Delaware licenses specialty contractors through the Division of Professional Regulation (DPR), which administers separate boards for each major trade. Electricians are licensed by the Delaware Board of Electrical Examiners. Plumbers and HVAC contractors share a board: the Delaware Board of Plumbing, Heating, Ventilation, Air Conditioning and Refrigeration Examiners. Each board requires passing a state-administered trade exam, proof of general liability insurance, and workers’ compensation coverage for any employees.

Beyond the trade license, Delaware requires a Home Improvement Contractor (HIC) license for residential work over $1,000. This is a separate registration from the trade license and has its own application process. A plumber or electrician doing residential service work needs both the trade license and the HIC registration. Delaware has reciprocity agreements with some neighboring states for certain trades, but the current status of those agreements should be verified directly with the DPR before assuming a neighboring state license transfers.
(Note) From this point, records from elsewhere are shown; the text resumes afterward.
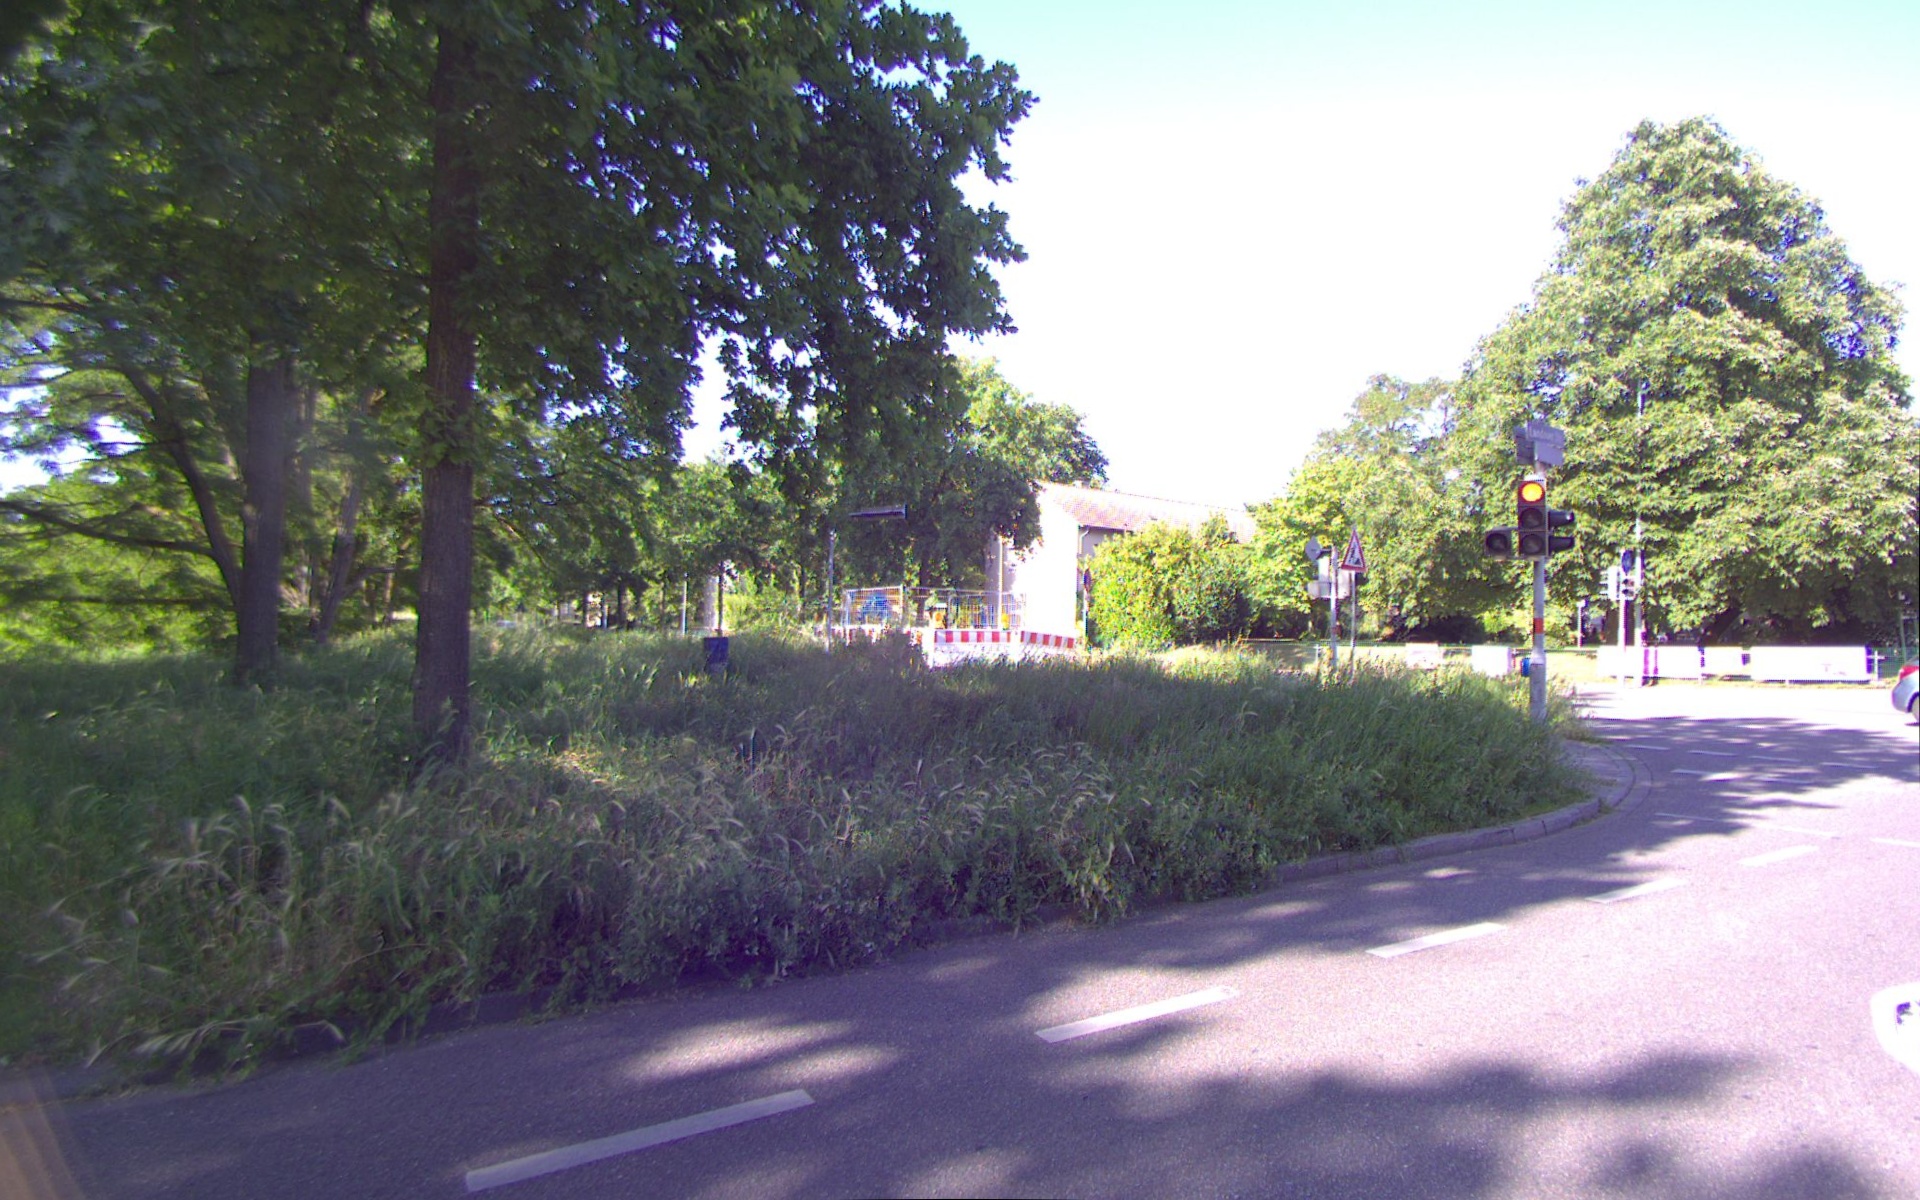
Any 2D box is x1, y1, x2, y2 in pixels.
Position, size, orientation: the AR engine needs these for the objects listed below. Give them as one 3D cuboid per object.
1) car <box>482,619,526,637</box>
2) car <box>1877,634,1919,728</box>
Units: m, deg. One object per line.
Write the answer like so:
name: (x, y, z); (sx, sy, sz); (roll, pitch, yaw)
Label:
car: (-47.376, 2.871, 104.490); (3.939, 1.673, 1.991); (2, 0, -20)
car: (17.121, 1.285, 15.341); (1.892, 1.508, 4.261); (1, -2, -31)

Delaware is a small state and the DPR enforcement staff is limited, but license verification is standard practice among Delaware GCs. A sub working without the required license risks stop-work orders and civil liability. For subs working across state lines into Pennsylvania, Maryland, or New Jersey, each state has independent licensing requirements that must be met separately.

Common Accounting Challenges for Delaware Subs

Delaware’s prevailing wage law is administered by the Division of Industrial Affairs and applies to public works contracts over $500,000 for new construction and $45,000 for alterations and repairs. The threshold is lower than in many states, which means a meaningful share of public work in Delaware triggers prevailing wage requirements. Covered subs must pay the Division’s published rates by trade classification and maintain detailed payroll records. Delaware also requires posting a prevailing wage notice at the job site.

Delaware’s mechanic’s lien law requires subcontractors to file a scire facias sur mechanic’s lien within 180 days of completing their work. Delaware does not require a preliminary notice before filing, but providing written notice to the property owner at the start of the project is standard practice. The lien action must be filed in the Superior Court of the county where the property is located. Delaware’s 180-day window is longer than most neighboring states, but missing it eliminates lien rights entirely.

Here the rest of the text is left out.